Although variants showed different mutations that would be dependent on the general immunity of the population or demographics of countries, we observed that some mutations in S protein were common irrespective of their origin, indicating that these mutants might provide the selective advantage to the virus. One of the most common mutations is D614G that was observed in almost all the variants. Using in vitro infection studies with the mutated virus, this substitution was either associated with enhanced viral replication, stability (Plante et al. 2021) or decreased S1 shedding and higher density of S protein in the virion (Zhang et al. 2020). The virus with N501Y substitution possessed higher affinity towards ACE2 that led to better infection in humans. Similarly, the substitution of E484 to either K or Q was associated with increased ACE2 affinity and in addition was also responsible for immune escape. Another common variant is L452R that is linked to transmissibility or immune escape from a monoclonal antibody, bamlanivimab used for COVID-19 treatment (Starr et al. 2021). Besides substitutions, deletions of amino acids were also observed and deletion in two aminoacids (Δ69 and Δ70) in NTD domain of S1 is responsible for increased infectivity rates and decreased serum neutralization (McCarthy et al. 2021; Kemp et al. 2021). In contrast, substitution of K417 to either N or T substitutions in some patients led to moderate decrease in ACE2 binding affinity but that was somehow compensated by N501Y substitution (Boehm et al. 2021).

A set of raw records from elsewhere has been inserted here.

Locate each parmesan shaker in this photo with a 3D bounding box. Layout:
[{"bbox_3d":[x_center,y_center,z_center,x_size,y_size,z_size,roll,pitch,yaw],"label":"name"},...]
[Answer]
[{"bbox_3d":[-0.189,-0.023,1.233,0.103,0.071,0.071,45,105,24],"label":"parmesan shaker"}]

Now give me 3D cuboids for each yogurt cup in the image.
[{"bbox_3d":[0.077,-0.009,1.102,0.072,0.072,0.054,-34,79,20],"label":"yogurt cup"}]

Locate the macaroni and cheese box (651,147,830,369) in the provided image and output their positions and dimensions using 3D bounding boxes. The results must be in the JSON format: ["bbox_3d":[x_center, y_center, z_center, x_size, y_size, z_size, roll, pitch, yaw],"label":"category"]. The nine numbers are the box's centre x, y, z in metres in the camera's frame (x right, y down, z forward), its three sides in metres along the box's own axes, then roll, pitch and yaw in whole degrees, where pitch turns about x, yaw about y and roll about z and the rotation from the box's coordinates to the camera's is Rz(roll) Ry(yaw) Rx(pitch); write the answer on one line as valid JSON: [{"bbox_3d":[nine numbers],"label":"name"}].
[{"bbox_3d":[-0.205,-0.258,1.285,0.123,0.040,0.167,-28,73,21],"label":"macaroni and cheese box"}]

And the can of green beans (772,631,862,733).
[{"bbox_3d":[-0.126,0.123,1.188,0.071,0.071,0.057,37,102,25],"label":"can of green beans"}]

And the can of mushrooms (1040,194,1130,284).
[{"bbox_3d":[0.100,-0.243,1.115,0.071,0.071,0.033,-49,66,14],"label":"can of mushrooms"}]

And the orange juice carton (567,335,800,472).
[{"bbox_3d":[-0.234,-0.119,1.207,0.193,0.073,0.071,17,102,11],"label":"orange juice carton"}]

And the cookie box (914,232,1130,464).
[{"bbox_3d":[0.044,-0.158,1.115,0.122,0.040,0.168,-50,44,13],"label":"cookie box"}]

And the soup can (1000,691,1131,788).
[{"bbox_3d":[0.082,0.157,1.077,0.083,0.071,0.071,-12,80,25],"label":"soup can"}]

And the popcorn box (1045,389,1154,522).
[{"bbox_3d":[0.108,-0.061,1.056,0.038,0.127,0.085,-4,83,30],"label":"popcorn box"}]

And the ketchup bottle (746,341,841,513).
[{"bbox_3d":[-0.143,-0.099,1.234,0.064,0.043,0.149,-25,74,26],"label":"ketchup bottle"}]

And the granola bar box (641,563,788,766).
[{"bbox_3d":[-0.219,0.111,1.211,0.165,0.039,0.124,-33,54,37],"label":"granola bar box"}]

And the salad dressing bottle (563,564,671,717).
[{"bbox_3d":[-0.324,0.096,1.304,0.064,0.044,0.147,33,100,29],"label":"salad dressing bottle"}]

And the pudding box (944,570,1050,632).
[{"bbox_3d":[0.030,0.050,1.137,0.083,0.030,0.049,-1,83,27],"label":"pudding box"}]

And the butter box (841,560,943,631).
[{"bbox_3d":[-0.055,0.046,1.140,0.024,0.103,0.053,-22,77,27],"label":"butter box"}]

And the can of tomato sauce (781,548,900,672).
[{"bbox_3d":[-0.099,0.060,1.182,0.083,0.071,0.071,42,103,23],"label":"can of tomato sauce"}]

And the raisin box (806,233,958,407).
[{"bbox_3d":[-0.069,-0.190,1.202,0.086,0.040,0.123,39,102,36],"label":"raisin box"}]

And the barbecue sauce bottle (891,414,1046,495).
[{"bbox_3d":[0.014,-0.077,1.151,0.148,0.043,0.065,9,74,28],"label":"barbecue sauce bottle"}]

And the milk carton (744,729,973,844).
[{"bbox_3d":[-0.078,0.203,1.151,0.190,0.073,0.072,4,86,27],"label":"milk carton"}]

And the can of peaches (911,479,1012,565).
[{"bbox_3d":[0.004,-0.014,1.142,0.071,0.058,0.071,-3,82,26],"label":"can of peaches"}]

Combining these observations together, the virus is mostly preparing itself to increase its affinity towards ACE2 receptor or immune escape. Therefore, the next generation of candidate antigen(s) should be able to accommodate at least these mutations, in order to elicit antibodies that can neutralize the virus effectively. It has been suggested that the use of combinatorial antigen by Heisch et al. could provide an enhanced immune response. Currently, another alternative is to vaccinate with a mixture of vaccines. However, this needs to be considered in regards to safety and side effects shown by various vaccines. Further the above strategies would only lead to stronger immune response against the wild-type S protein rather than providing neutralization of the variants that have changes in the sequence of S protein. Therefore, booster vaccination doses with S protein containing major prevalent mutations could be a feasible strategy to effectively provide immunity to the population against mutant viruses.